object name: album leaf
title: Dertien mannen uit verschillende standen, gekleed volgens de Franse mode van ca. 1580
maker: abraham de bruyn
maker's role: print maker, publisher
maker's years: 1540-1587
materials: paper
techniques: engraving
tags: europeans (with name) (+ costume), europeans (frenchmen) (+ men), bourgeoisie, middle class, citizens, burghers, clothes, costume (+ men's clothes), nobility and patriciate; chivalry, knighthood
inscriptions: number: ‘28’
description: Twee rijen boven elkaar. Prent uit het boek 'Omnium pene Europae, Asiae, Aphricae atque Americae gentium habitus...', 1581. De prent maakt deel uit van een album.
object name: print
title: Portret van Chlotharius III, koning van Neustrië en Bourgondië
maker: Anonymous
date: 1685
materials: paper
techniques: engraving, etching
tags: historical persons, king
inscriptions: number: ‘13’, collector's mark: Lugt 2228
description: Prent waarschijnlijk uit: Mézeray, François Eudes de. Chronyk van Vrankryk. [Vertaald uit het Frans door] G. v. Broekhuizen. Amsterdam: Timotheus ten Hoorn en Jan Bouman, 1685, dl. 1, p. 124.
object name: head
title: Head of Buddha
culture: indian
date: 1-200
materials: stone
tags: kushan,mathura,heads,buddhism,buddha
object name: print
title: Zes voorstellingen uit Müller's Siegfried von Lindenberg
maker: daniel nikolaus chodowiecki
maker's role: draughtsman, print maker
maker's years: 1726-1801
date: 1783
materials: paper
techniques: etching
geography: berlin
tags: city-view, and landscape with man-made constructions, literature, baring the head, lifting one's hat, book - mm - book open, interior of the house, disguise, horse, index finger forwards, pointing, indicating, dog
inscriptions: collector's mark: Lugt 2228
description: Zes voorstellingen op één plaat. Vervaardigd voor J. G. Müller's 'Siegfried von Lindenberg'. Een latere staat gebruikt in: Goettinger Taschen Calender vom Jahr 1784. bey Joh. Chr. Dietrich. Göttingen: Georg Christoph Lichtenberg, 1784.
○ ○ ○ ○ ○
EXERCISE DIRECTIONS — Everything in the data above should be set down again precisely.

EXERCISE OUTPUT —
object name: album leaf
title: Dertien mannen uit verschillende standen, gekleed volgens de Franse mode van ca. 1580
maker: abraham de bruyn
maker's role: print maker, publisher
maker's years: 1540-1587
materials: paper
techniques: engraving
tags: europeans (with name) (+ costume), europeans (frenchmen) (+ men), bourgeoisie, middle class, citizens, burghers, clothes, costume (+ men's clothes), nobility and patriciate; chivalry, knighthood
inscriptions: number: ‘28’
description: Twee rijen boven elkaar. Prent uit het boek 'Omnium pene Europae, Asiae, Aphricae atque Americae gentium habitus...', 1581. De prent maakt deel uit van een album.
object name: print
title: Portret van Chlotharius III, koning van Neustrië en Bourgondië
maker: Anonymous
date: 1685
materials: paper
techniques: engraving, etching
tags: historical persons, king
inscriptions: number: ‘13’, collector's mark: Lugt 2228
description: Prent waarschijnlijk uit: Mézeray, François Eudes de. Chronyk van Vrankryk. [Vertaald uit het Frans door] G. v. Broekhuizen. Amsterdam: Timotheus ten Hoorn en Jan Bouman, 1685, dl. 1, p. 124.
object name: head
title: Head of Buddha
culture: indian
date: 1-200
materials: stone
tags: kushan,mathura,heads,buddhism,buddha
object name: print
title: Zes voorstellingen uit Müller's Siegfried von Lindenberg
maker: daniel nikolaus chodowiecki
maker's role: draughtsman, print maker
maker's years: 1726-1801
date: 1783
materials: paper
techniques: etching
geography: berlin
tags: city-view, and landscape with man-made constructions, literature, baring the head, lifting one's hat, book - mm - book open, interior of the house, disguise, horse, index finger forwards, pointing, indicating, dog
inscriptions: collector's mark: Lugt 2228
description: Zes voorstellingen op één plaat. Vervaardigd voor J. G. Müller's 'Siegfried von Lindenberg'. Een latere staat gebruikt in: Goettinger Taschen Calender vom Jahr 1784. bey Joh. Chr. Dietrich. Göttingen: Georg Christoph Lichtenberg, 1784.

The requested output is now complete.